There's no suggestion there. I'm just explaining to Plato, and anyone else, what your question means.

I looked at the problem. It's not too hard to see that you can make up any natural number as a combination of the sequence members
but I can't prove it.

6. Re: Recursive definition and induction

Originally Posted by romsek
There's no suggestion there. I'm just explaining to Plato, and anyone else, what your question means.

I looked at the problem. It's not too hard to see that you can make up any natural number as a combination of the sequence members
but I can't prove it.
Weird...
I have heard there is some technique to prove it by using the property of a monotonic increasing series.

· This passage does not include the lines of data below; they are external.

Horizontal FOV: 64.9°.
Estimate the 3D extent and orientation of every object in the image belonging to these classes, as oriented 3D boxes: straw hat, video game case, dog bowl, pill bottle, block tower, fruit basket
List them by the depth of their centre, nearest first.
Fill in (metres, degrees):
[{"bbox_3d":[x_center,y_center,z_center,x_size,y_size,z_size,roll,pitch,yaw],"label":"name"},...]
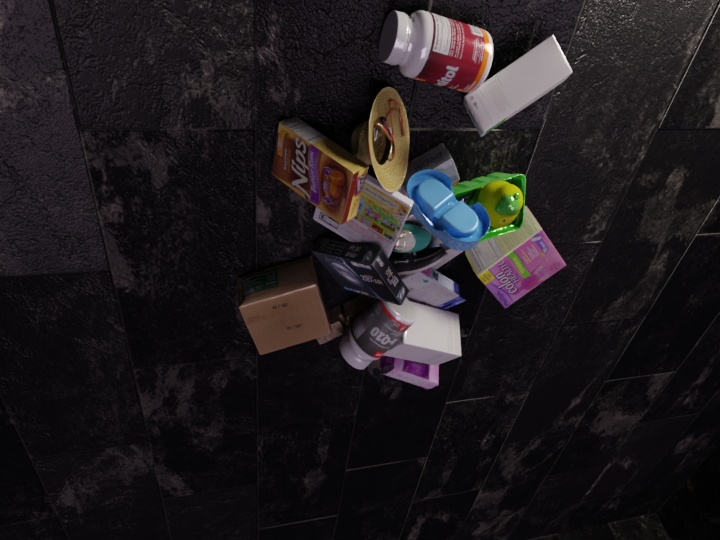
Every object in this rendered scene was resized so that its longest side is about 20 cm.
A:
[{"bbox_3d":[0.137,-0.405,1.043,0.193,0.115,0.115,6,130,-22],"label":"pill bottle"},{"bbox_3d":[0.026,-0.257,1.132,0.082,0.206,0.203,2,142,28],"label":"straw hat"},{"bbox_3d":[0.176,-0.122,1.172,0.110,0.200,0.050,-36,159,-26],"label":"dog bowl"},{"bbox_3d":[0.000,-0.128,1.211,0.196,0.023,0.184,31,140,6],"label":"video game case"},{"bbox_3d":[0.290,-0.134,1.255,0.207,0.217,0.160,-12,121,-7],"label":"fruit basket"},{"bbox_3d":[0.040,0.150,1.433,0.112,0.116,0.201,23,121,-33],"label":"pill bottle"},{"bbox_3d":[-0.042,0.126,1.502,0.194,0.055,0.059,-24,133,4],"label":"block tower"}]

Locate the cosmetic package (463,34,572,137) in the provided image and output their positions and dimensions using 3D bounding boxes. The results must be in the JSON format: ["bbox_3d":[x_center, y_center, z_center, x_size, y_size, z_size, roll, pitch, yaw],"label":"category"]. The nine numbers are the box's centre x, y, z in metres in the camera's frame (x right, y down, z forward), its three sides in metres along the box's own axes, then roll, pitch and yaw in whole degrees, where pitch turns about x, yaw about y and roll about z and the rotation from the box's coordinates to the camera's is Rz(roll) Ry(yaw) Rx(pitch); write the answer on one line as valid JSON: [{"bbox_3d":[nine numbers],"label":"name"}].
[{"bbox_3d":[0.306,-0.362,1.127,0.196,0.108,0.087,-31,91,14],"label":"cosmetic package"}]

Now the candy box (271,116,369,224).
[{"bbox_3d":[-0.083,-0.196,1.108,0.056,0.198,0.119,-31,149,-43],"label":"candy box"}]

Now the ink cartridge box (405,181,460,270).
[{"bbox_3d":[0.198,-0.113,1.373,0.174,0.046,0.200,-35,132,15],"label":"ink cartridge box"}]

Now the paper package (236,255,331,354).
[{"bbox_3d":[-0.184,0.086,1.387,0.193,0.105,0.195,-16,133,-2],"label":"paper package"}]

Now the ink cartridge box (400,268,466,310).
[{"bbox_3d":[0.175,0.047,1.489,0.197,0.043,0.118,30,140,-33],"label":"ink cartridge box"}]

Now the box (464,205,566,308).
[{"bbox_3d":[0.404,-0.031,1.477,0.198,0.098,0.175,-36,132,16],"label":"box"}]

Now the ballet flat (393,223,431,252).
[{"bbox_3d":[0.065,-0.073,1.297,0.192,0.071,0.070,9,110,7],"label":"ballet flat"}]

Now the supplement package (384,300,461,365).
[{"bbox_3d":[0.162,0.172,1.540,0.194,0.124,0.120,15,153,-29],"label":"supplement package"}]

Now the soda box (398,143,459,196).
[{"bbox_3d":[0.116,-0.195,1.256,0.195,0.069,0.064,-28,133,9],"label":"soda box"}]

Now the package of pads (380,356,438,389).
[{"bbox_3d":[0.145,0.258,1.630,0.196,0.125,0.075,24,148,-35],"label":"package of pads"}]

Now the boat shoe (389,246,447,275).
[{"bbox_3d":[0.118,-0.029,1.366,0.196,0.073,0.062,-17,101,40],"label":"boat shoe"}]

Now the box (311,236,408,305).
[{"bbox_3d":[0.000,0.000,1.319,0.044,0.196,0.161,-57,136,-20],"label":"box"}]

7. Re: Recursive definition and induction

Originally Posted by CStudent
I have heard there is some technique to prove it by using the property of a monotonic increasing series.
The post's title is " Recursive definition and induction"
Even if romsek were correct in his reading, since the sequence contains $1$ we can generate the naturals.
But why induction? The sequence $a_n$ (it is a sequence not a series) is clearly monotonic increasing. But what does that to do with anything?
Being a sequence of naturals it cannot be bounded above & convergence is out the question.
As we see here the recurrence as no solution. Thus I have no idea what a proposition for induction could be.

The reason I asked the question that did was it really $a_n=a_{n-1}+a_{n-2}$ we see here that there is a solution in terms Fibonacci & Lucas numbers.
Now it possible to use induction.

8. Re: Recursive definition and induction

use induction on $m$

If $\displaystyle a_n < m < a_{n+1}$ for some natural number $n$

then $\displaystyle m-a_n$ is less than $m$ so it can be written as the sum of distinct elements of the sequence, say

$\displaystyle m-a_n=b_1 + b_2 + ... + b_k$ with $\displaystyle b_1<b_2<...<b_k$

show that $\displaystyle b_k<a_n$

and $\displaystyle m =b_1 + b_2 + ... + b_k+a_n$ is a sum of distinct elements

9. Re: Recursive definition and induction

I don't want to get into arguments about the precise wording of things.

It seems pretty clear that the recursion and initial conditions produce a sequence of positive integers

$A = \{1, 2, 3, 4, 6, 9, 13, 19, 28, 41, 60, 88, 129, 189, 277, 406, 595,872, 1278, 1873 \dots \}$

Now let's look at the missing integers

$5 = 4+1$

$7=6+1$

$8 = 6+2$

$10 = 9+1$

$11=9+2$

$12=9+3$
.
.
.
$87 = 60 + 19 + 6 + 2$

etc.

the problem is to prove such a summation always exists as the gaps in $A$ get larger and larger

coming up with an algorithm to derive the subset of A whose sum equals n would do it.